Records from a data source:
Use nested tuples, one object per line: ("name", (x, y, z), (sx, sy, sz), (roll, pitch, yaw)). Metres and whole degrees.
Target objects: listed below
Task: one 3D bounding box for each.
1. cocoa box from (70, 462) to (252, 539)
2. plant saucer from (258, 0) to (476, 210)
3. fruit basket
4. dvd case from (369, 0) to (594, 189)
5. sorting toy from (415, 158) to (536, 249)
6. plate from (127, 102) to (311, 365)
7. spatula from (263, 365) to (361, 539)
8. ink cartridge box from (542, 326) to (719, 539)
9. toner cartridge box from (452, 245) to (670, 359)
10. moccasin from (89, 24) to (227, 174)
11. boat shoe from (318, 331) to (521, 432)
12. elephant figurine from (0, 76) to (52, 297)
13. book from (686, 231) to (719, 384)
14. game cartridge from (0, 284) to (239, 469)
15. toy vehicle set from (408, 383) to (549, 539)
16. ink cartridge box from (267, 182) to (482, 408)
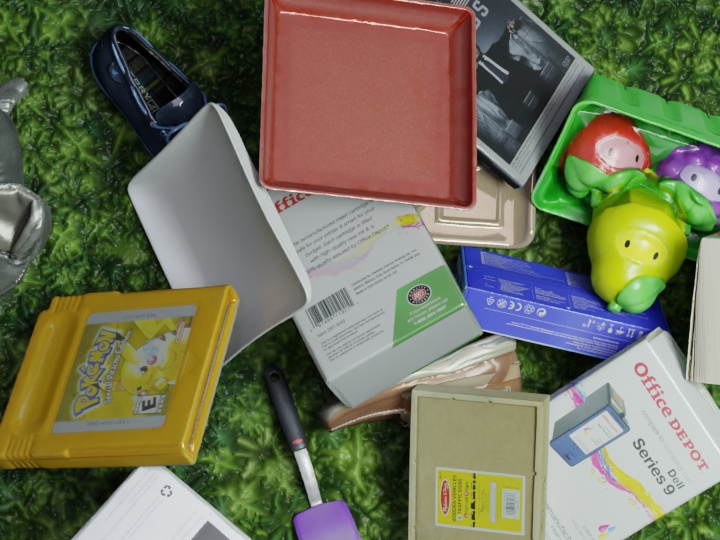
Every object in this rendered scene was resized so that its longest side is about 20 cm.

(Exercise description)
Check each line of the records for the string "cartridge" and state how many lines contain it. Give only the number.

(Exercise result)
4